═════ Information shown

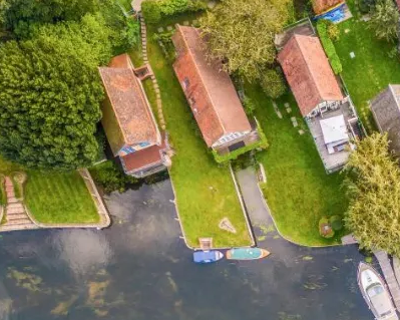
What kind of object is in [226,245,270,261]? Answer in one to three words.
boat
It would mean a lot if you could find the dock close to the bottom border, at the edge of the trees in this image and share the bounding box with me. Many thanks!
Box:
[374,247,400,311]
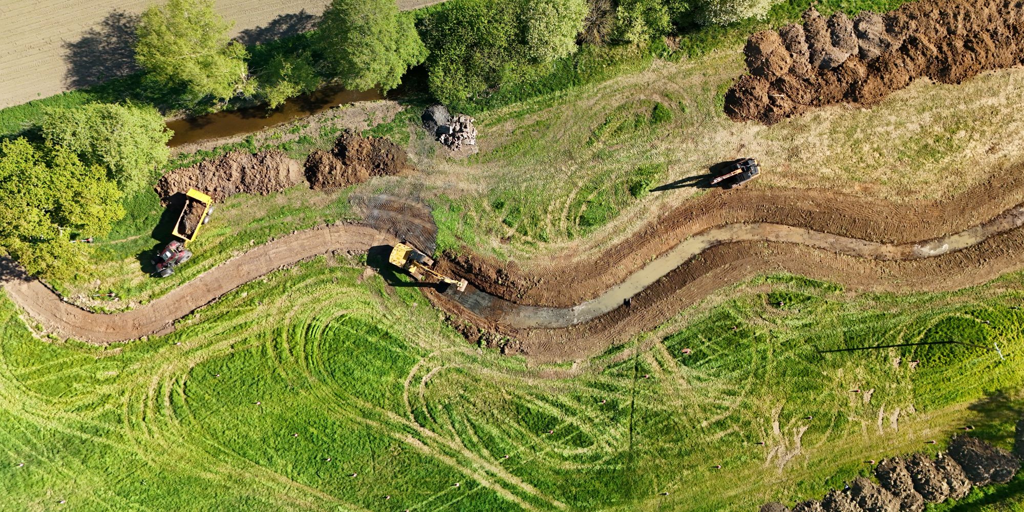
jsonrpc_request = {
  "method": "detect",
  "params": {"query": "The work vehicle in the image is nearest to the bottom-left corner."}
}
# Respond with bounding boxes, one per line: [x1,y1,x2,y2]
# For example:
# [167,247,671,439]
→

══════════
═════ Information shown

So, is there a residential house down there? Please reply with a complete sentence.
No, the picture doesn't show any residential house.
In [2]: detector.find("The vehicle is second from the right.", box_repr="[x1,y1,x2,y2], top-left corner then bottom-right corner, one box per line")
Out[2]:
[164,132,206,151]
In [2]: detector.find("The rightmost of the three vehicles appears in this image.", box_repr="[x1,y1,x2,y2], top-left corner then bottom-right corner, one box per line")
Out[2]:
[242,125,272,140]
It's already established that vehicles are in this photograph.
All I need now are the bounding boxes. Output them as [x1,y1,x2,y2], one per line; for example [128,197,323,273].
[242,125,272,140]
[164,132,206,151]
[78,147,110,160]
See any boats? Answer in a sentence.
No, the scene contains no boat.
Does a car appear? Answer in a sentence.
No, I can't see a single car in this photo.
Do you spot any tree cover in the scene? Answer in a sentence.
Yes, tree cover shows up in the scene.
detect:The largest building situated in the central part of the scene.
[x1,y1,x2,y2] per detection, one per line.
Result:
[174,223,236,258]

══════════

→ **Task statement**: State how many lines in the records above contain the word "detector". Give nothing but the number.

→ **Result for this exercise**: 2